## WHAT THE TASK ASKS
Omit every picture while you reproduce the entries that follow word for word.

****************

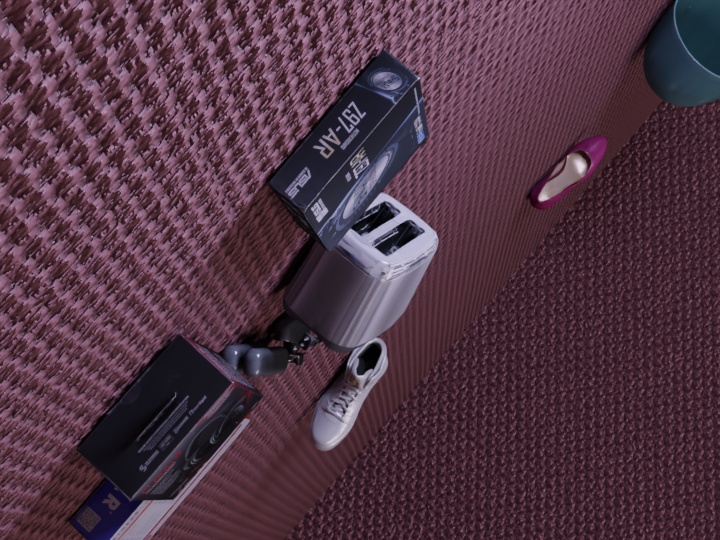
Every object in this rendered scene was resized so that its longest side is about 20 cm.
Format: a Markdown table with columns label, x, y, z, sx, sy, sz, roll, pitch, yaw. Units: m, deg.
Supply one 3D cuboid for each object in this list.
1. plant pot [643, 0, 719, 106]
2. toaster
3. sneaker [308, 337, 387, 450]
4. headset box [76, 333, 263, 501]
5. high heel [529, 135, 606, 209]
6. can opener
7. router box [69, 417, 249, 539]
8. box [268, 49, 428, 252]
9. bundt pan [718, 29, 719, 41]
| label | x | y | z | sx | sy | sz | roll | pitch | yaw |
| --- | --- | --- | --- | --- | --- | --- | --- | --- | --- |
| plant pot | 0.614 | -0.394 | 2.448 | 0.200 | 0.201 | 0.161 | -43 | 178 | -32 |
| toaster | 0.000 | 0.000 | 1.483 | 0.200 | 0.113 | 0.130 | -31 | 155 | -54 |
| sneaker | -0.023 | 0.197 | 2.196 | 0.201 | 0.073 | 0.116 | -57 | 170 | -16 |
| headset box | -0.185 | 0.149 | 1.322 | 0.149 | 0.077 | 0.200 | -49 | 171 | -4 |
| high heel | 0.414 | -0.192 | 2.625 | 0.200 | 0.067 | 0.096 | -47 | 180 | 2 |
| can opener | -0.109 | 0.090 | 1.539 | 0.200 | 0.052 | 0.067 | -13 | 108 | -76 |
| router box | -0.220 | 0.223 | 1.506 | 0.200 | 0.049 | 0.180 | -49 | 169 | -4 |
| box | -0.006 | -0.107 | 1.262 | 0.160 | 0.043 | 0.200 | -50 | 170 | -4 |
| bundt pan | 0.711 | -0.503 | 2.533 | 0.075 | 0.203 | 0.202 | 12 | 128 | -31 |
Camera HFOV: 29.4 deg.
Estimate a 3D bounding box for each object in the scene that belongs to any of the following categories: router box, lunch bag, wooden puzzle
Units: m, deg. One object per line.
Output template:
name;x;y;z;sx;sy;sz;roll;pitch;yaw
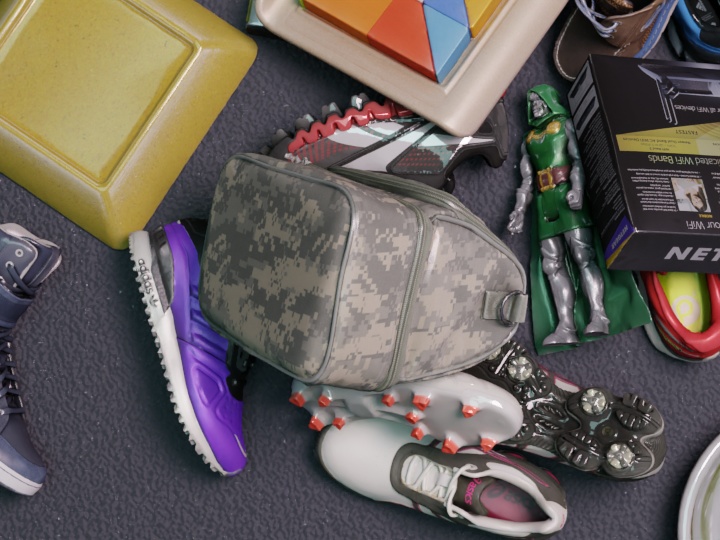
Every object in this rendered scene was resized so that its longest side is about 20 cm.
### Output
router box;0.263;-0.076;1.008;0.198;0.052;0.158;3;58;-15
lunch bag;0.000;0.000;0.961;0.167;0.199;0.141;9;97;-35
wooden puzzle;0.046;-0.219;1.025;0.199;0.037;0.186;33;79;17

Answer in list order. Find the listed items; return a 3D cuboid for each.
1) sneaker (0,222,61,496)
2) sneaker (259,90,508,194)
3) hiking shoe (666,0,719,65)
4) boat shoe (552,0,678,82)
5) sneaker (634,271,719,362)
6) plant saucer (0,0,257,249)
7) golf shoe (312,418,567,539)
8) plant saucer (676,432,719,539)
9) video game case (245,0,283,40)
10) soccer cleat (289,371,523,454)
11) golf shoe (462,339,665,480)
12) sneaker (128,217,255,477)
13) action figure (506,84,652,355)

****************

## OUTPUT BELOW
Every object in this rendered scene was resized so that its longest side is about 20 cm.
Format: a Markdown table with columns label, x, y, z, sx, sy, sz, roll, pitch, yaw. Units: m, deg.
Supply one 3D cuboid for each object in this list.
1. plant pot [643, 0, 719, 106]
2. toaster
3. sneaker [308, 337, 387, 450]
4. headset box [76, 333, 263, 501]
5. high heel [529, 135, 606, 209]
6. can opener
7. router box [69, 417, 249, 539]
8. box [268, 49, 428, 252]
9. bundt pan [718, 29, 719, 41]
| label | x | y | z | sx | sy | sz | roll | pitch | yaw |
| --- | --- | --- | --- | --- | --- | --- | --- | --- | --- |
| plant pot | 0.614 | -0.394 | 2.448 | 0.200 | 0.201 | 0.161 | -43 | 178 | -32 |
| toaster | 0.000 | 0.000 | 1.483 | 0.200 | 0.113 | 0.130 | -31 | 155 | -54 |
| sneaker | -0.023 | 0.197 | 2.196 | 0.201 | 0.073 | 0.116 | -57 | 170 | -16 |
| headset box | -0.185 | 0.149 | 1.322 | 0.149 | 0.077 | 0.200 | -49 | 171 | -4 |
| high heel | 0.414 | -0.192 | 2.625 | 0.200 | 0.067 | 0.096 | -47 | 180 | 2 |
| can opener | -0.109 | 0.090 | 1.539 | 0.200 | 0.052 | 0.067 | -13 | 108 | -76 |
| router box | -0.220 | 0.223 | 1.506 | 0.200 | 0.049 | 0.180 | -49 | 169 | -4 |
| box | -0.006 | -0.107 | 1.262 | 0.160 | 0.043 | 0.200 | -50 | 170 | -4 |
| bundt pan | 0.711 | -0.503 | 2.533 | 0.075 | 0.203 | 0.202 | 12 | 128 | -31 |
Camera HFOV: 29.4 deg.
Estimate a 3D bounding box for each object in the scene that belongs to any of the following categories: router box, lunch bag, wooden puzzle
Units: m, deg. One object per line.
Output template:
name;x;y;z;sx;sy;sz;roll;pitch;yaw
Every object in this rendered scene was resized so that its longest side is about 20 cm.
### Output
router box;0.263;-0.076;1.008;0.198;0.052;0.158;3;58;-15
lunch bag;0.000;0.000;0.961;0.167;0.199;0.141;9;97;-35
wooden puzzle;0.046;-0.219;1.025;0.199;0.037;0.186;33;79;17

Answer in list order. Find the listed items; return a 3D cuboid for each.
1) sneaker (0,222,61,496)
2) sneaker (259,90,508,194)
3) hiking shoe (666,0,719,65)
4) boat shoe (552,0,678,82)
5) sneaker (634,271,719,362)
6) plant saucer (0,0,257,249)
7) golf shoe (312,418,567,539)
8) plant saucer (676,432,719,539)
9) video game case (245,0,283,40)
10) soccer cleat (289,371,523,454)
11) golf shoe (462,339,665,480)
12) sneaker (128,217,255,477)
13) action figure (506,84,652,355)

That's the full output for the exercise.